Há pouco menos de 1 mês do início da Copa do Mundo da Rússia, não é somente o evento de alcance global que ganha destaque. Essa é também uma fase de ir às compras: seja para adquirir uma camiseta da seleção de preferência ou para trocar a TV de casa. No entanto, esse crescimento no consumo tem provocado também um aumento nos chamados crimes digitais. “Esse tipo de golpe se intensifica em épocas de grande apelo de vendas no comércio. É o caso da Copa do Mundo. Muitos varejistas fazem promoções de TVs para incentivar os consumidores a trocarem seus aparelhos”, alerta o especialista em segurança de dados e sócio da It Secure, Rafael Batista.

Nesse caso, os cibercriminosos apelam para promoções a preços abaixo do mercado. Para fraudar as vendas, eles utilizam domínios similares aos das grandes marcas. Muitos compram anúncios em redes sociais, como o Facebook, para conseguir mais cliques. O consumidor, atraído pelas promoções, acaba indo parar no site falso e faz a compra. Geralmente, os criminosos apelam para compras no cartão de crédito, com o objetivo de vender os dados para o mercado negro, e no boleto bancário. Nesse último caso, o pagamento vai para a conta dos fraudadores.
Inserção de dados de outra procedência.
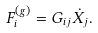Convert formula to latex. <formula><loc_0><loc_0><loc_500><loc_500>F _ { i } ^ { ( g ) } = G _ { i j } \dot { X } _ { j } .</formula>

“A melhor forma de proteção para o consumidor é desconfiar de promoções muito atrativas. Se o valor está muito abaixo de qualquer outro, é indício de que pode haver algo errado. Já para as empresas, que também têm problemas com consumidores supostamente lesados, há formas de defesa, como serviços que monitoram a internet em busca de domínios falsos”, ressalta o especialista. Ele lembra ainda que, muitas vezes, a empresa acaba tendo mais problemas, pois os consumidores acham que a compra foi feita naquela loja e abrem reclamações por nunca receberem os produtos.

Estima-se que cerca de 3% das compras no ambiente e-commerce no Brasil são fraudulentas, o que dá um volume de 6 milhões de transações por ano, de acordo com estudo da Konduto, empresa especializada em combate a fraudes no e-commerce.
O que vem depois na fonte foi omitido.